Optimizing Complex Batch Matrix Multiplication

Hello fellow Julians!
In my code the bottleneck step is a batched ComplexF64 matrix multiplication of the form C[i,k,n] = conj(A)[j,i,n] * B[j,k,n]. Naively, one should loop over n and do in-place multiplication. However, in the case of floats, it seems that tullio can speed things up considerably. Is it possible to do something better in the complex case as well? Can you help me optimize things further?

To start off, here’s a reference implementation:

using LinearAlgebra
using BenchmarkTools
BLAS.set_num_threads(1)
N, M, K = 500, 10, 200
A = rand(ComplexF64,N,M,K)
B = rand(ComplexF64,N,M,K)
C = zeros(ComplexF64,M,M,K);

function batch_zgemm1!(C,A,B)
    for k in axes(C,3)
        @views mul!(C[:,:,k],A[:,:,k]',B[:,:,k])
    end
    return C
end 
@btime batch_zgemm1!($C, $A, $B) # 4.561 ms (0 allocations: 0 bytes)

A few notes:

  • I require complex matrices with full precision for my use case.
  • Typical problem sizes for me are N = 500-1500, M = 2-20, K = 100-1600.
  • I am aware that MKL has a batched matrix multiplication library, but it would be good to have a pure-Julia solution for my non-Intel computer.
  • The individual multiplications are large enough that BLAS benefits from multithreading, so paralellizing over K doesn’t offer any obvious improvements.

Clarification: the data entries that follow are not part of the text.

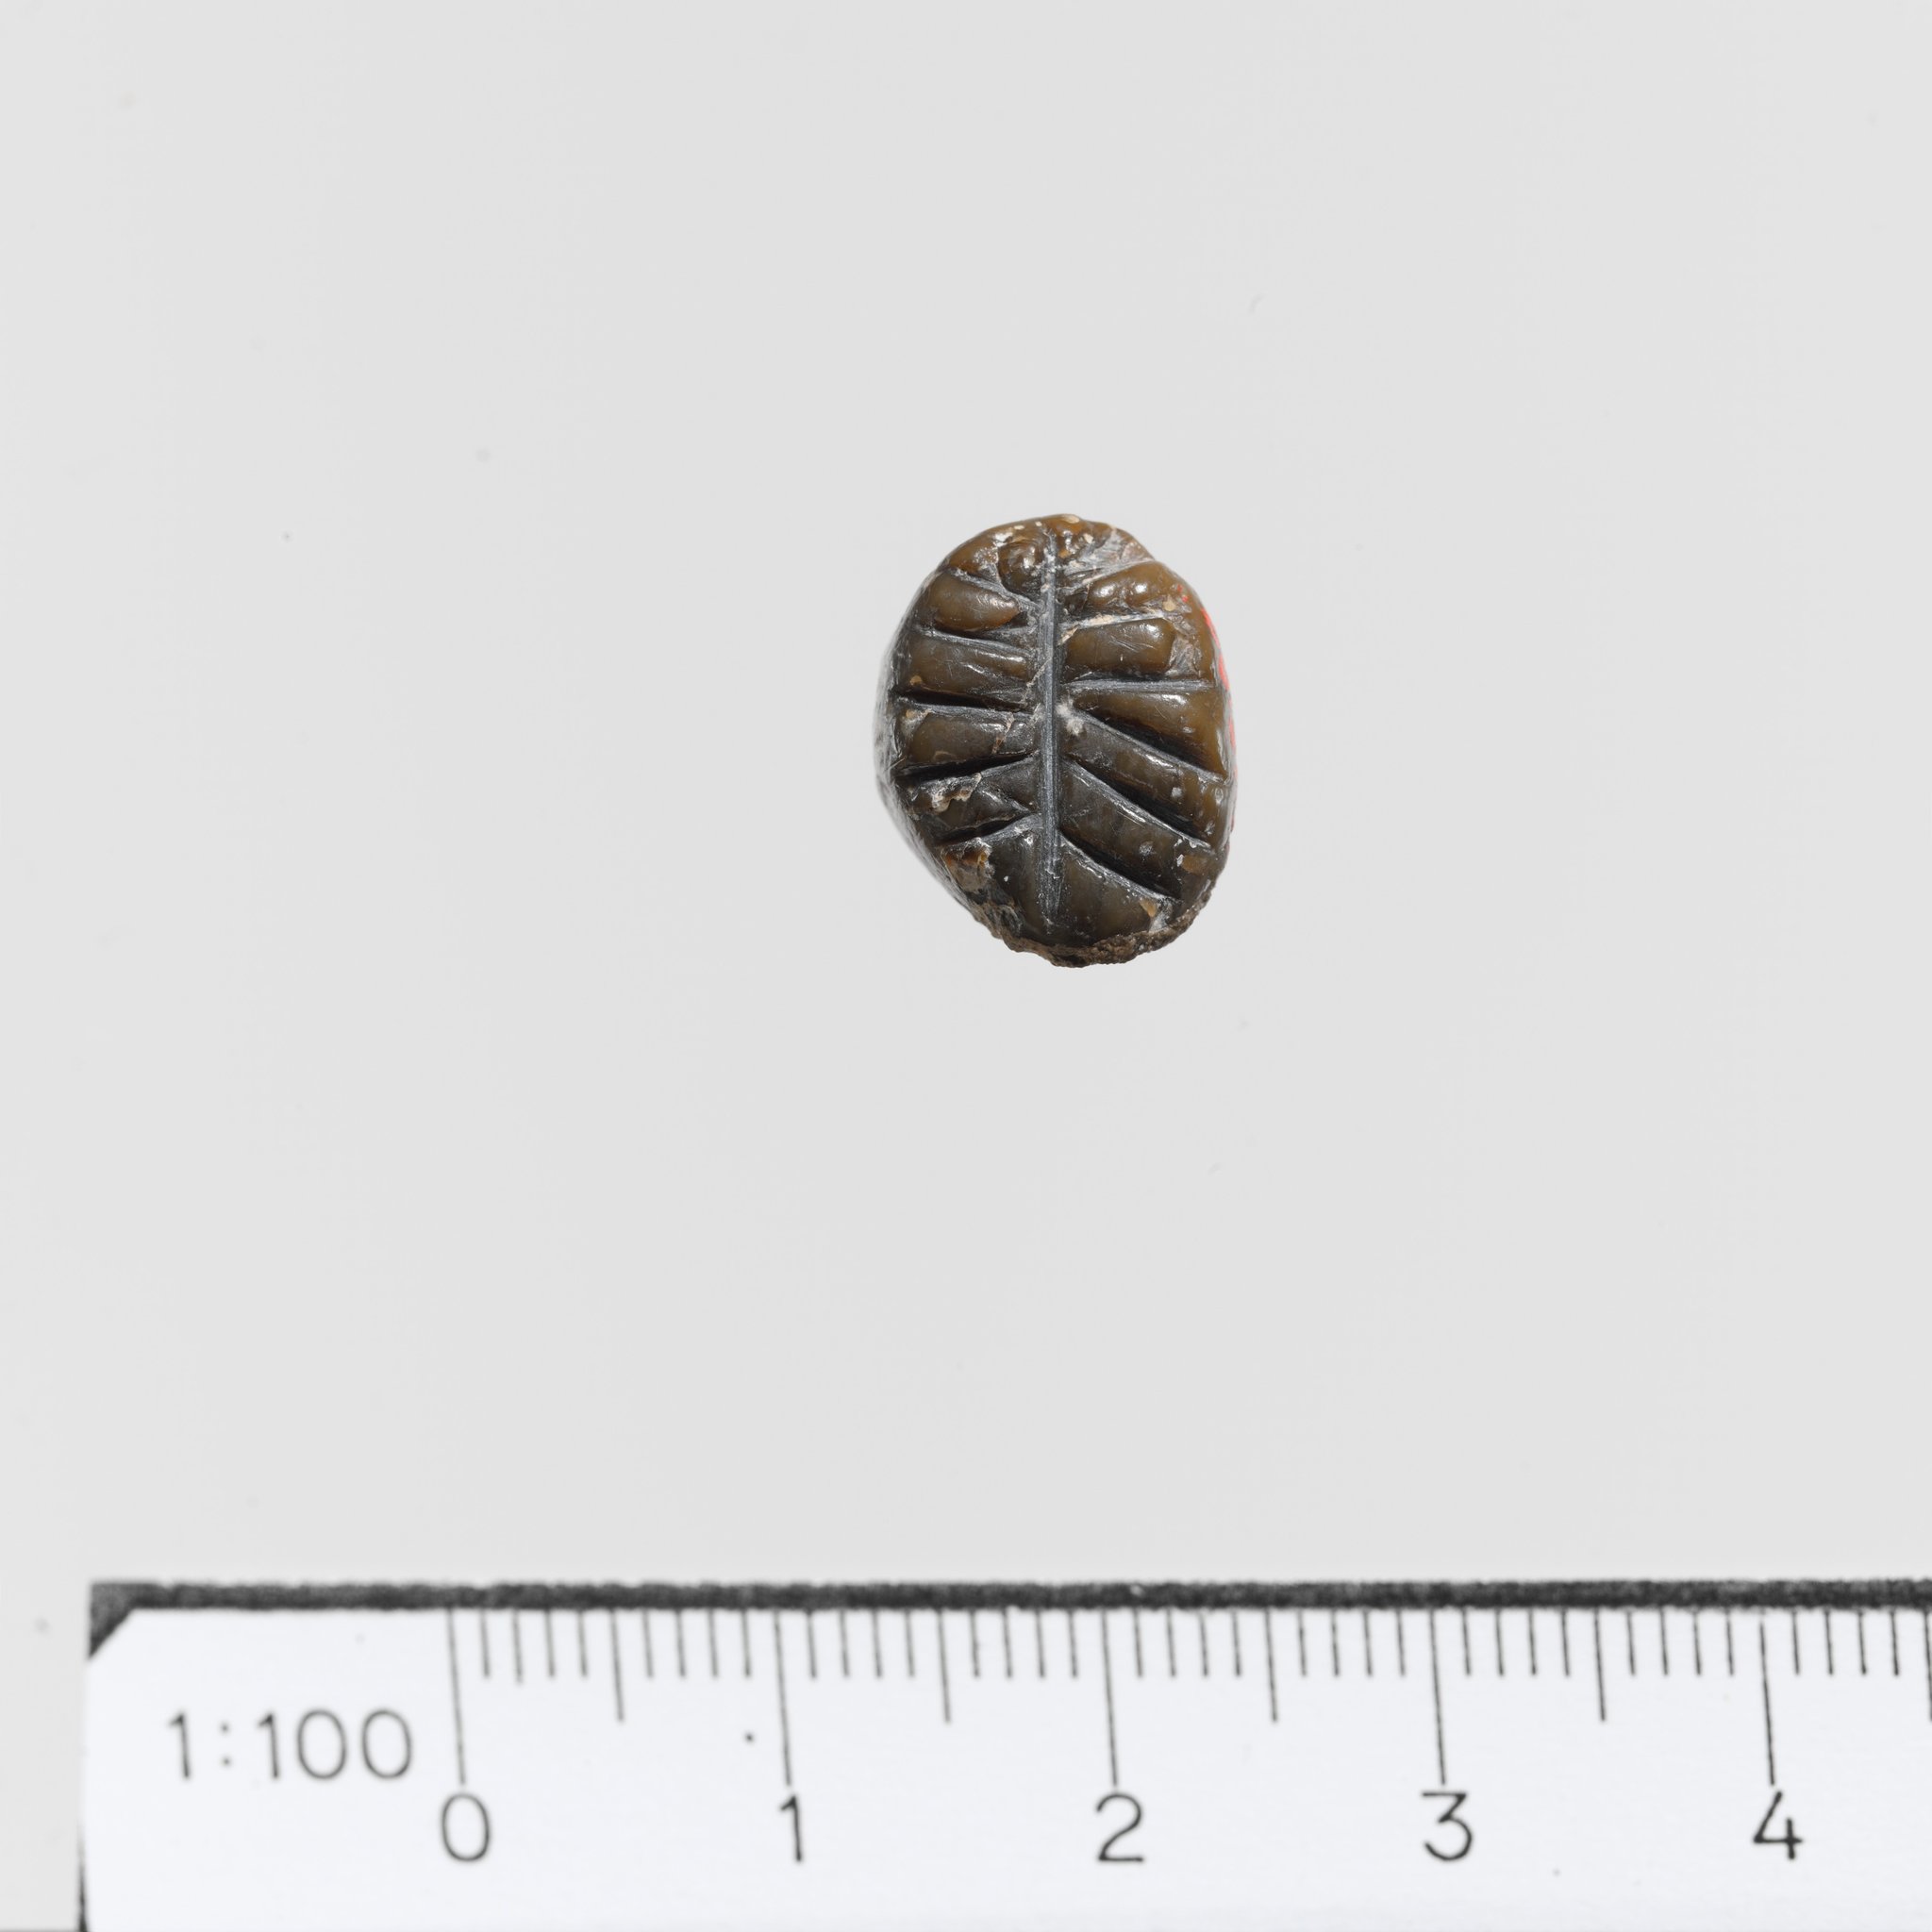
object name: stamp seal
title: Seal stamp
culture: minoan
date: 2200-1900 BCE
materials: stone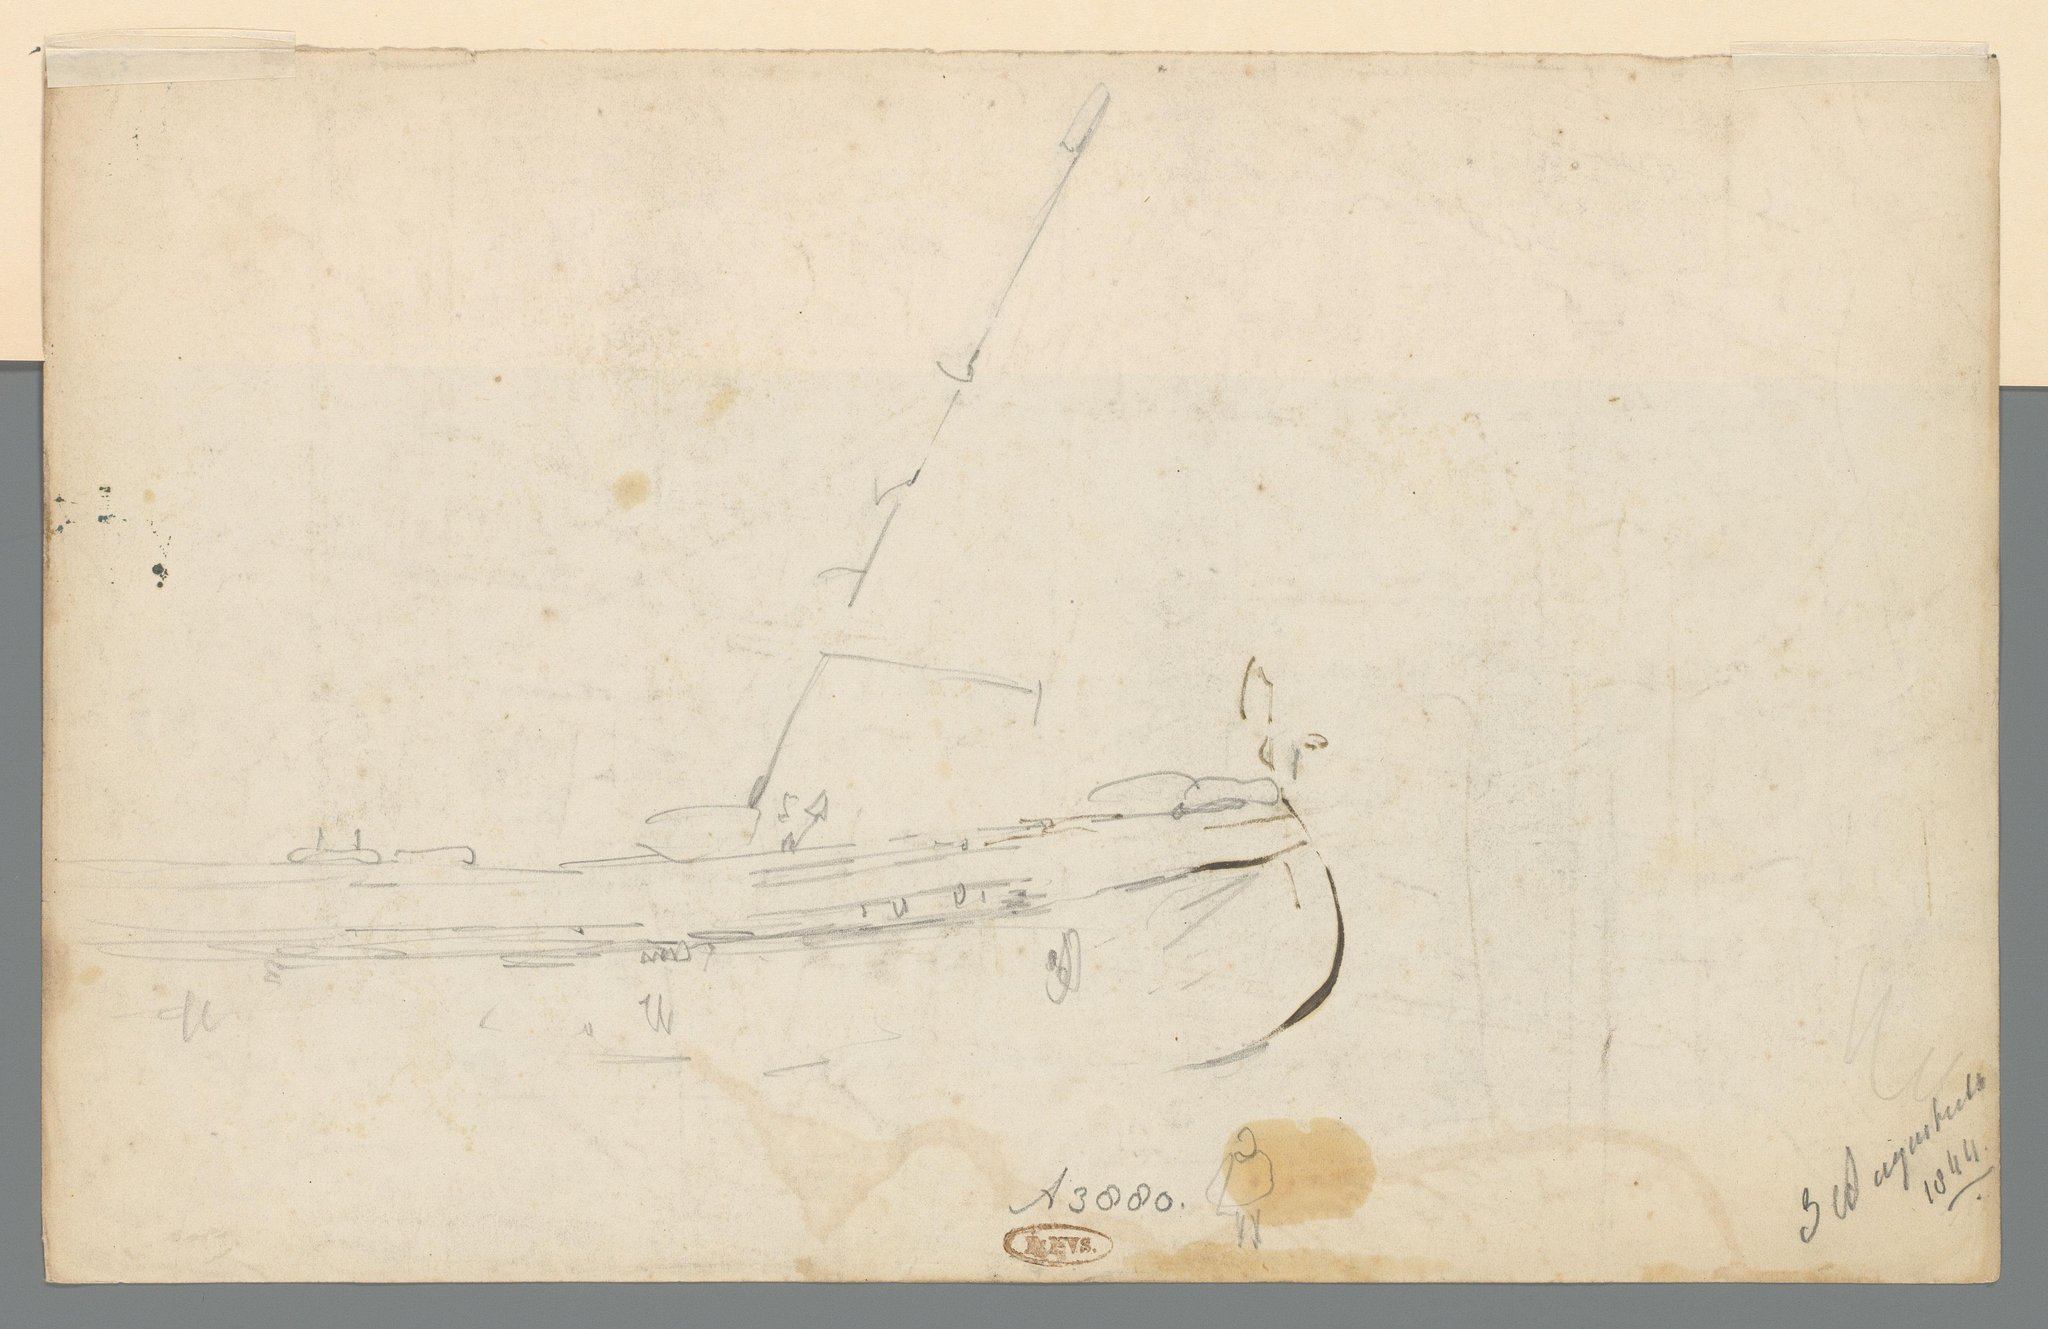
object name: drawing
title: Schets van een schip
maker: willem anthonie van deventer
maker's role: draughtsman, painter, print maker
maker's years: 1824-1893
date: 1844
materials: ink, paper, pencil
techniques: pen
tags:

You want to parellize over k and use single threaded matmul. Matmul paralellizes, but doesn’t do so perfectly.

I see: you get a speedup of x Nthreads from paralellizing over the outer loop, while BLAS gets an multiplier of < Nthreads from using more BLAS threads.

function batch_zgemm2!(C, A, B)
    Threads.@threads for k in axes(A, 3)
        @views mul!(C[:,:,k],A[:,:,k]',B[:,:,k])
    end
    return C
end
Threads.nthreads() # 6
@btime batch_zgemm2!($C, $A, $B) # 758.167 μs (35 allocations: 3.38 KiB)

However, is it possible to do better?